According to Syncsort president Josh Rogers, Spark will emerge as the winning engine for doing machine learning in Hadoop data lakes, and it may even give other SQL engines a run for the money. “If I’ve already got my data in HDFS, my ability to apply Spark to it is super useful, so I can probably think of Spark as one of the key projects within Hadoop,” he says.
While you can run Spark in a Hadoop-less cloud, on a beefy workstation, or even in the Cassandra NoSQL database, standalone Spark clusters are few and far between, thanks to easy access through the Hadoop distributors, Rogers says.
“I believe that what effectively has already happened is that Spark has been subsumed into the Hadoop family of projects,” he says. “The Hadoop distributors have really embraced Spark – Cloudera early on and Horton a bit later. Most people are buying and getting support for their Spark implementations through one of the Hadoop distributors.”
The combination of Spark and Hadoop is like chocolate and peanut butter, IBM’s Thomas says. “Whenever I talk to clients, I actually tell them, you need Hadoop [and] you need Spark. I believe they need both,” IBM’s Roberts says. “They serve a fundamentally different purpose…If you’re trying to store data at a really low cost, Hadoop is great for that. If you actually want to do analytics, you need Spark. They’re complementary in that respect.”

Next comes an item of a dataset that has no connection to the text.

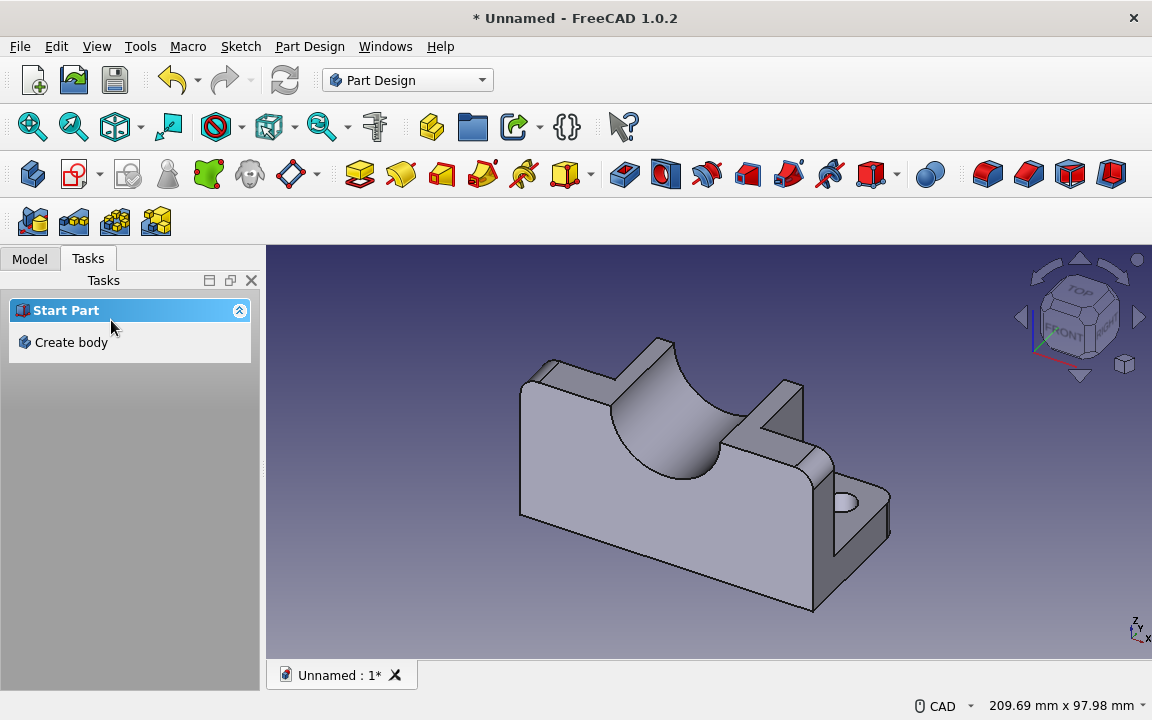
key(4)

Spark provides the analytic engine that Hadoop data lakes really need, Thomas continues. “Don’t get me wrong — we love Hadoop. But it hasn’t lived up to the analytic promises,” he says. “People are really looking for real-time insights and they see Spark as the answer for that…As people understand it they realize that this is a gamechanger and this enables them to do analytics at a level they could never do before.”
Hortonwork’s vice president of corporate strategy Shaun Connolly agrees that Spark is generating interest, but disagrees with the notion Hadoop has failed to provide useful analytics for data lakes.
“The reality is, if you look at HDP, we’ve integrated in a whole range of data processing engines, and YARN-enable things like SAS‘s LASR Analytic Server, and even things Pivotal HAWQ and HP Vertica, to run natively in a Hadoop system,” Connolly tells Datanami. “I would venture to guess they are analytic providers!”
Connolly says Hortonworks’ vision for Hadoop has always centered on having a mix of different analytic engines powering different big data workloads. “Spark clearly is one of them,” he says, adding that it’s used by about 30 percent of Hortonworks customers.
“There’s definitely interest,” he continues, “and as it becomes hardened, I think we expect it to be used for more use cases, which is great for me because at the end of the day, you need to do interesting things on your lake of data, and that will be an engine for a variety of applications.”